[Data extracted from a collection]
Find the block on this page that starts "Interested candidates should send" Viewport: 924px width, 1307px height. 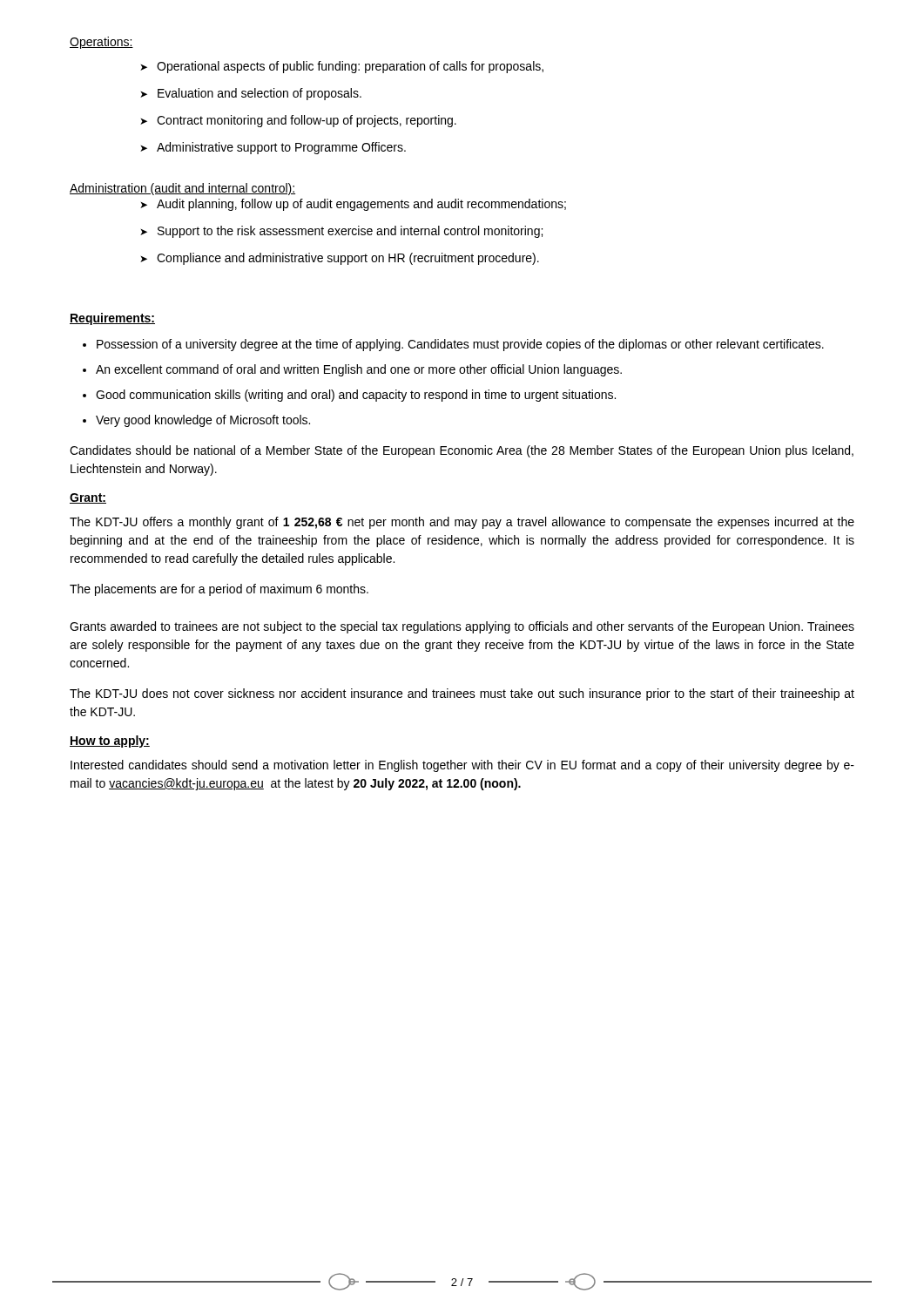[x=462, y=775]
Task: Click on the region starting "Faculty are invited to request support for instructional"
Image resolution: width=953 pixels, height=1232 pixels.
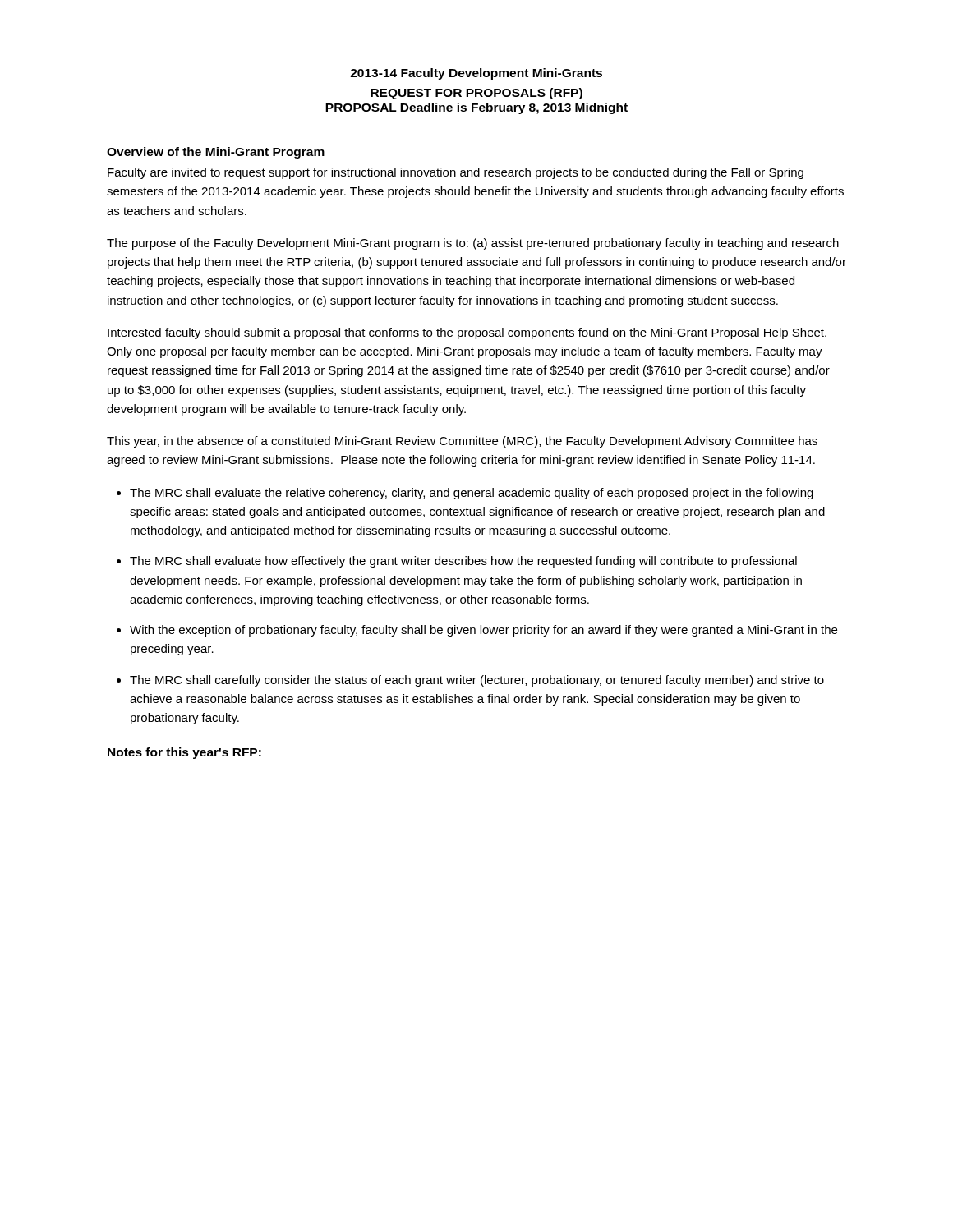Action: click(475, 191)
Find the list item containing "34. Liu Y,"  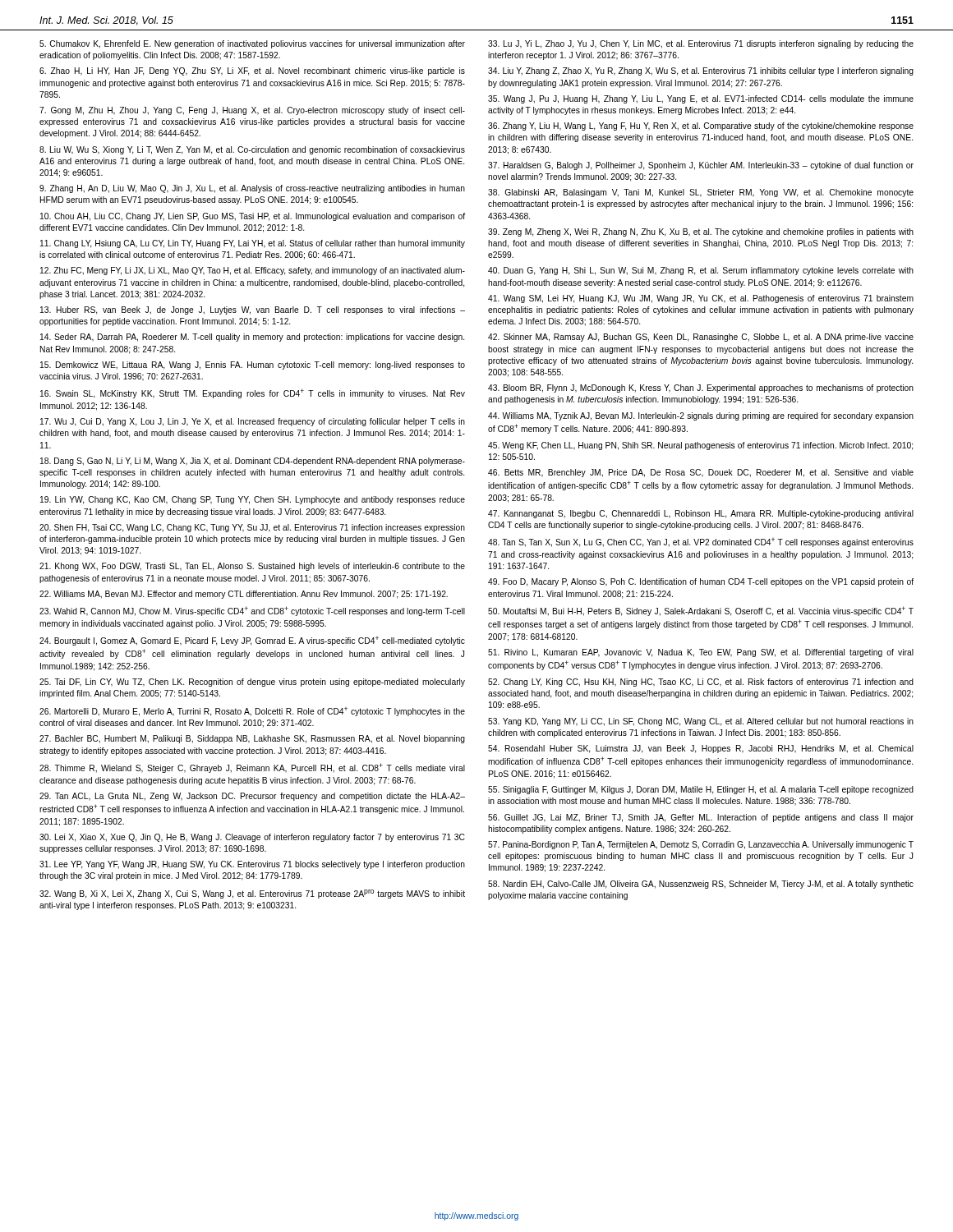pos(701,77)
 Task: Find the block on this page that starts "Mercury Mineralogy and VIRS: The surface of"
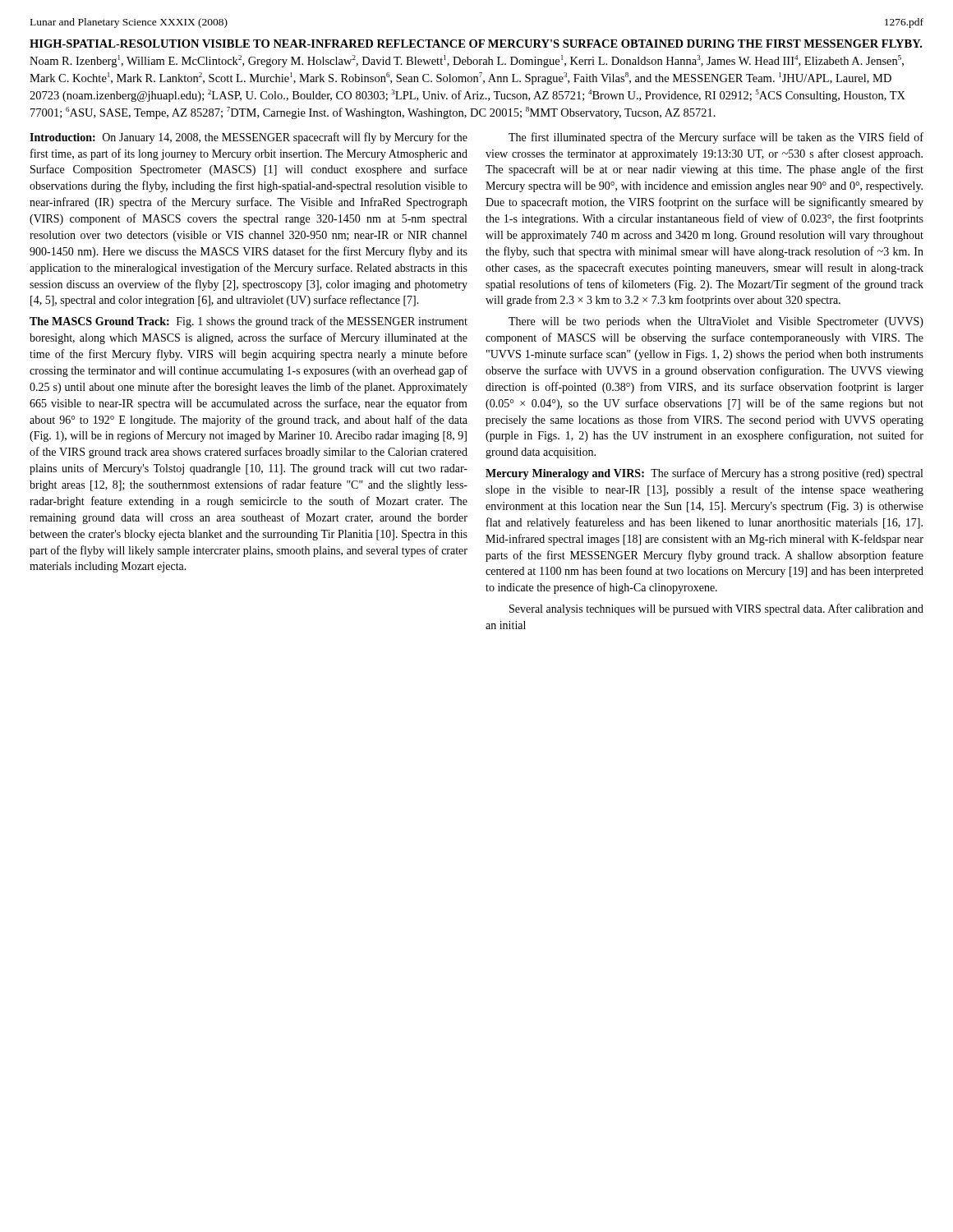tap(705, 531)
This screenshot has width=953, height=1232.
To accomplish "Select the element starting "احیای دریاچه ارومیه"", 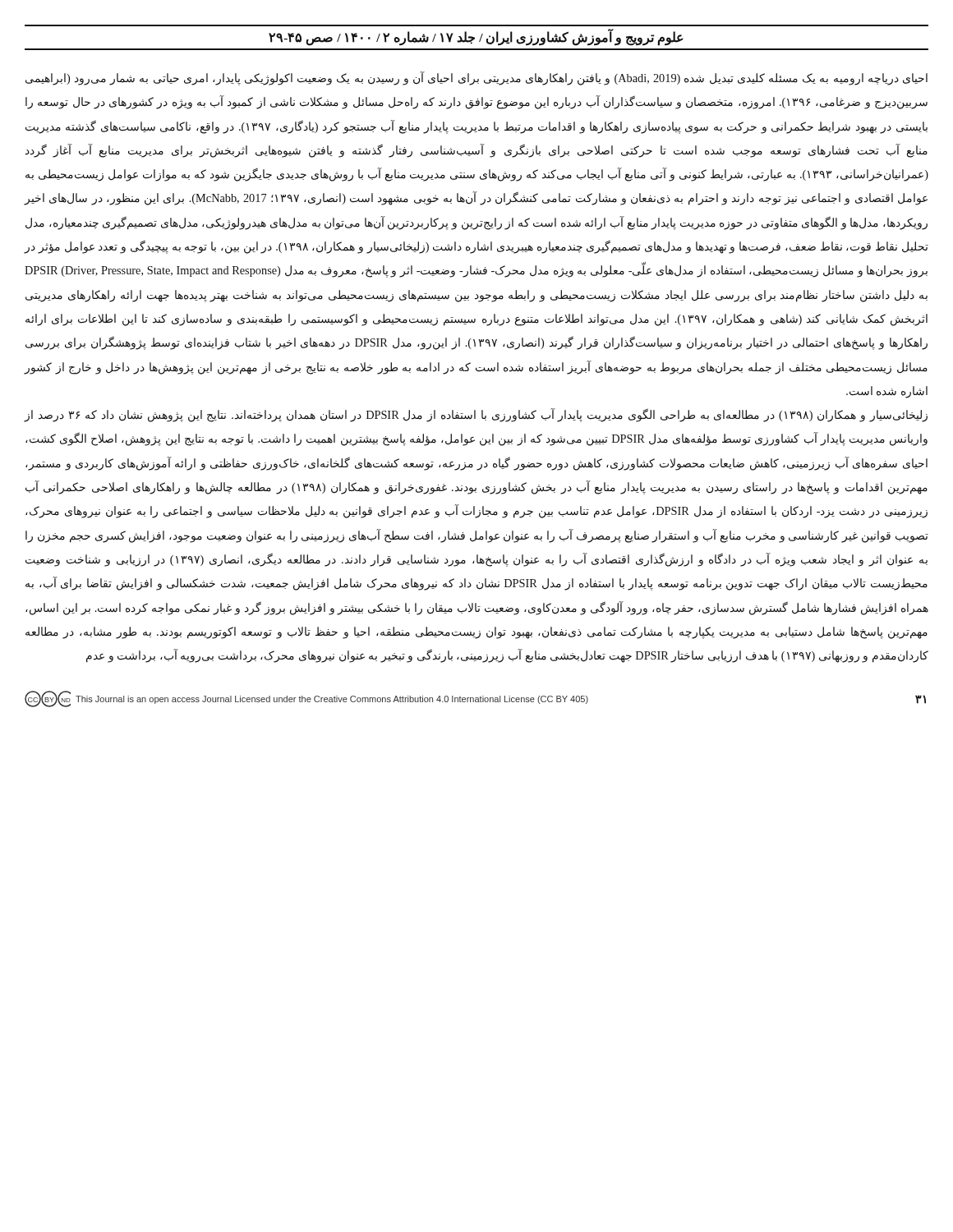I will click(x=476, y=234).
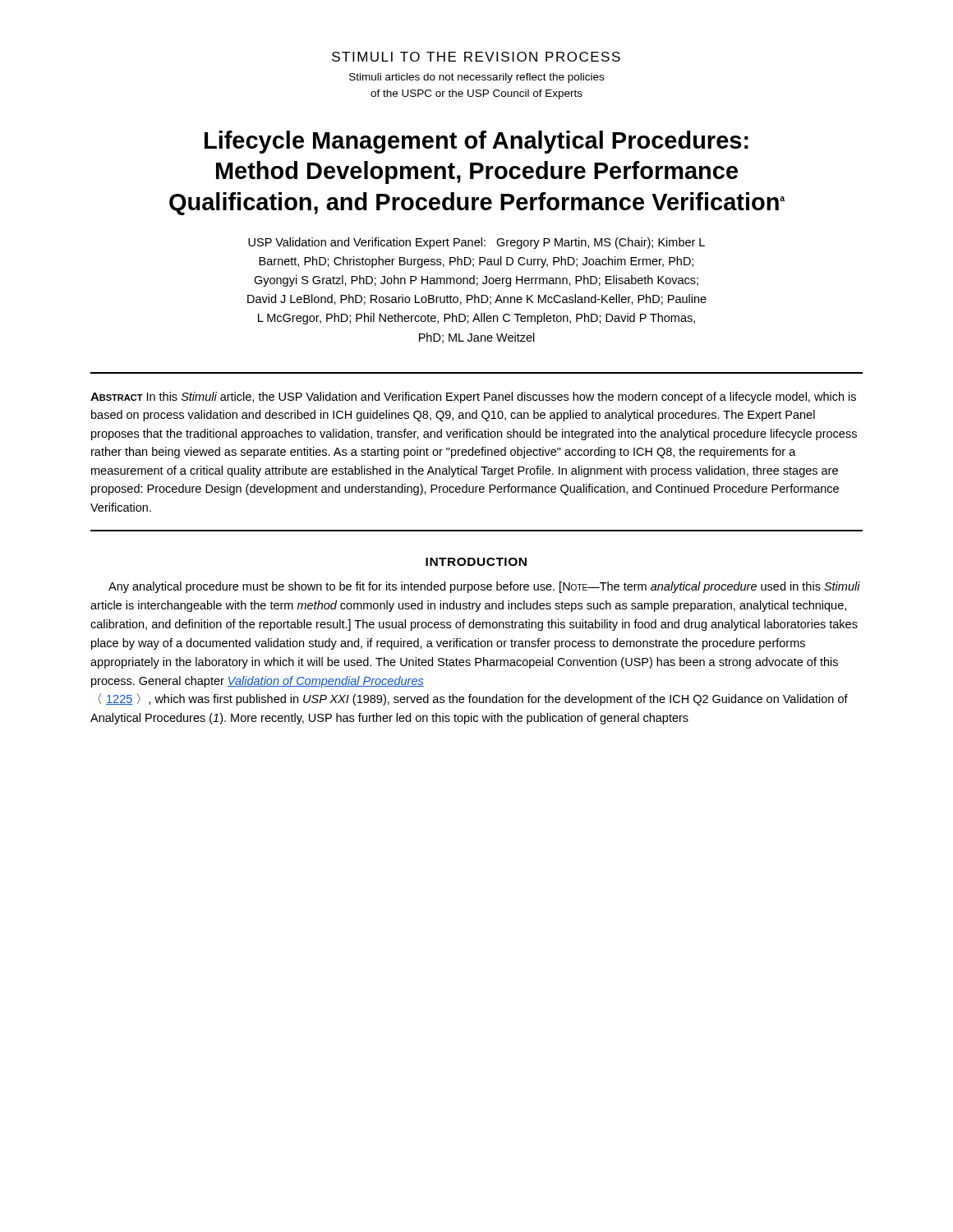Locate the block of text that opens with "Any analytical procedure must be"

click(476, 653)
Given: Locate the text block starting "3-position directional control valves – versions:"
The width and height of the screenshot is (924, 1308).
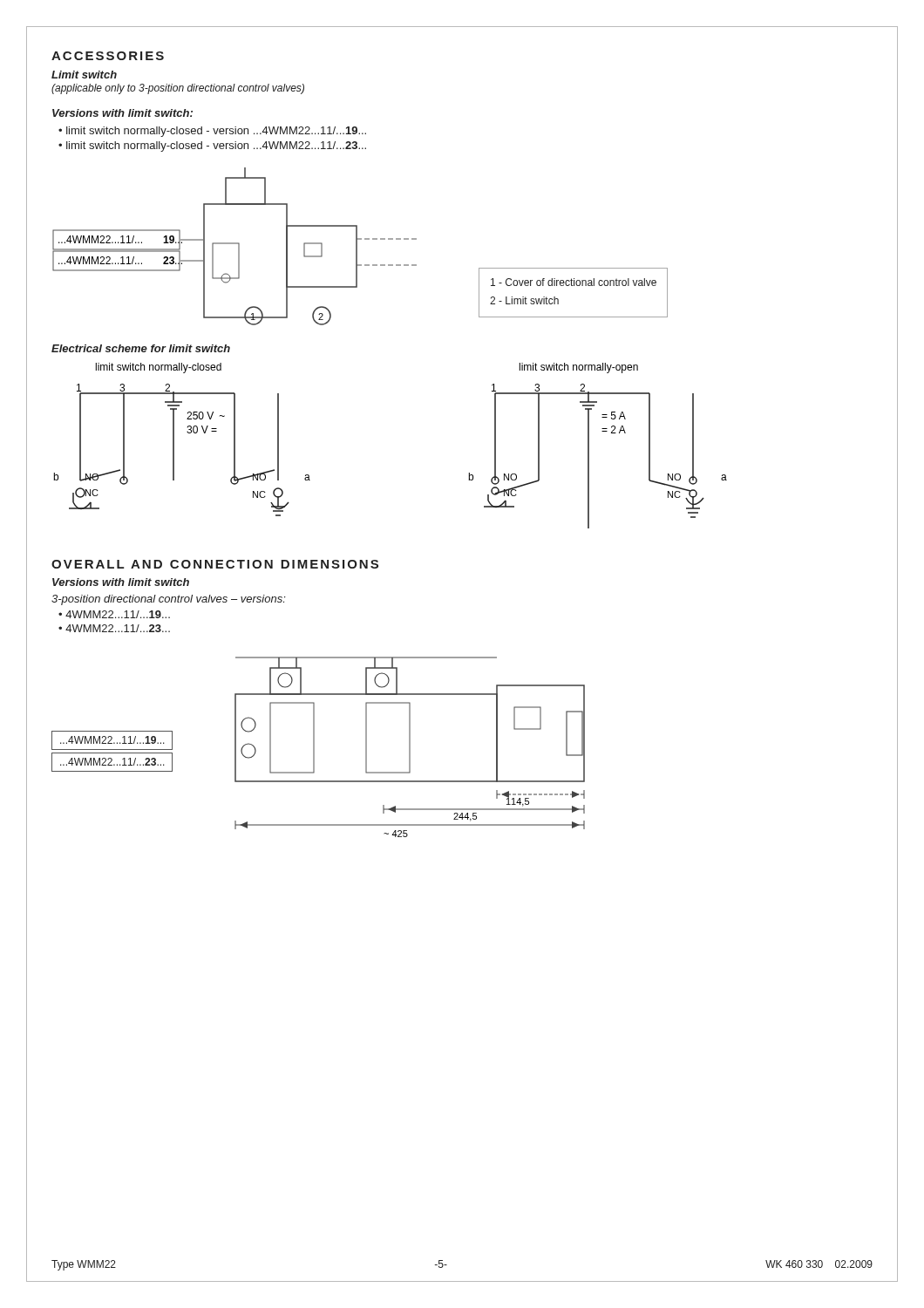Looking at the screenshot, I should click(169, 599).

- [EXERCISE DIRECTIONS]: Would you copy the lines above exactly, starting with the one that has "Task: Find the" and ending with the one that has "This screenshot has width=953, height=1232.", both included, without the pictures?

- [RESPONSE TO THE EXERCISE]:
 Task: Find the block on this page that starts "Mercury Mineralogy and VIRS: The surface of"
tap(705, 531)
This screenshot has width=953, height=1232.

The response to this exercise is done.